As hospitals have a duty of care to the patients they treat, the least we should expect is that when things go wrong, as they did on these occasions, there should be a serious examination of the mistakes made, combined with the speedy introduction of new infection control policies to ensure other patients aren't exposed to similar risks.

This, however, is not the case. The coroner has written to one hospital manager asking about the appointment of a consultant microbiologist so that infection controls can be implemented. He has not even received a reply. Hospital-acquired infection, it seems, is almost a fact of ward life. And if you are old and it kills you, so be it.

The cases bear a remarkable similarity to the deaths of 90 elderly people in the south-east of England.

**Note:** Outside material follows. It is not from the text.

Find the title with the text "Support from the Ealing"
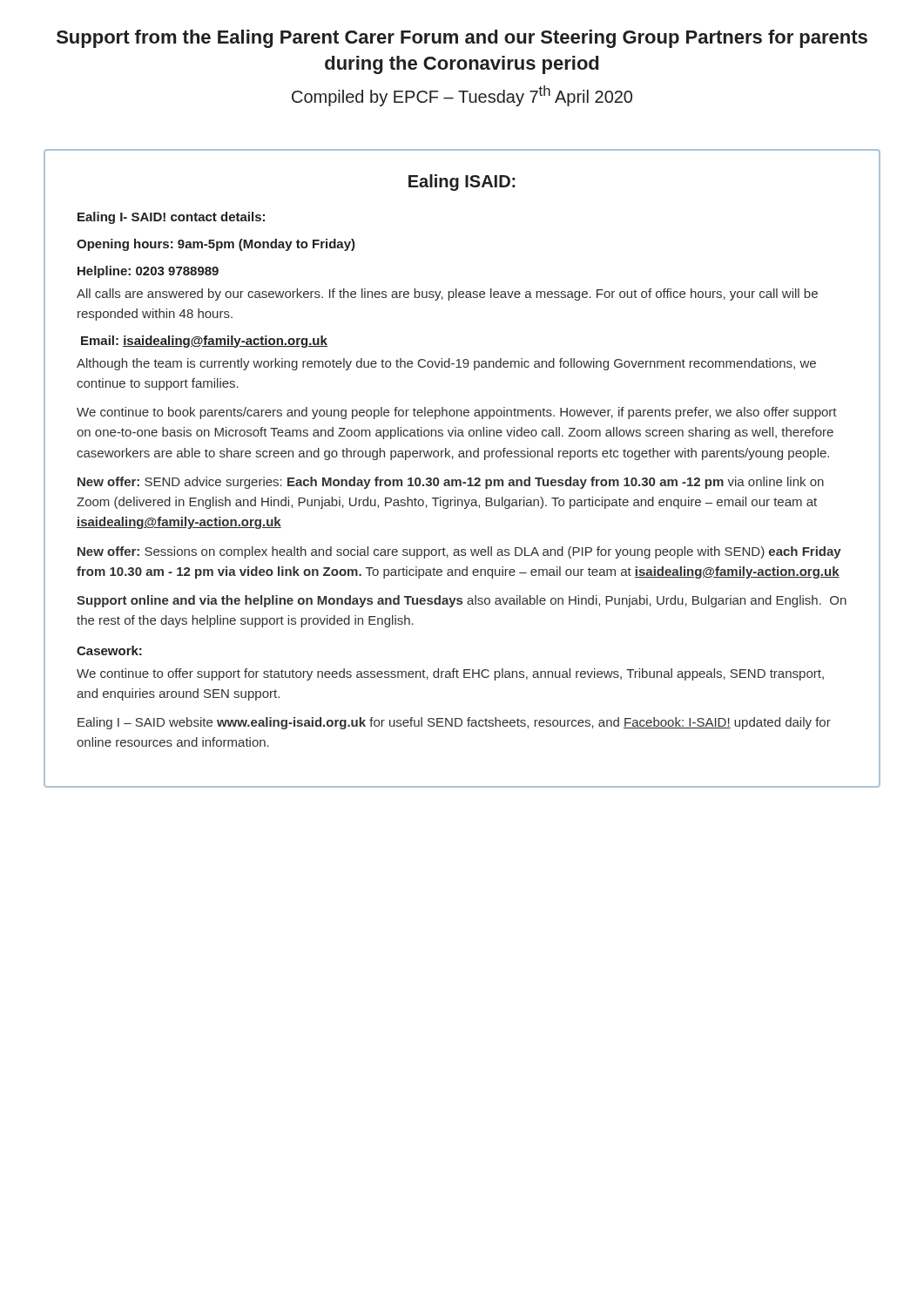 click(462, 50)

There, a full investigation castigated infection control procedures, hygiene on the wards, and failure to implement an infection control policy which could have avoided the catastrophic outbreak.

The senior executive with responsibility for these hospitals resigned.

Here, the four elderly people whose inquests were heard last week represent a tiny fraction of the real numbers involved. More than 1,000 people a year are affected by c. difficile . . . twice as many as by MRSA.

The Department of Health and the HSE are well aware of the reforms needed. The National Hygiene Audit has helped clean up wards but standards are still too low.

The body charged with framing an infection control strategy, the Health Protection Surveillance Centre, has identified five areas where infection control can be markedly improved. We score poorly on all five, from screening, to provision of isolation wards, to the appointment of microbiologists and an infection reference laboratory.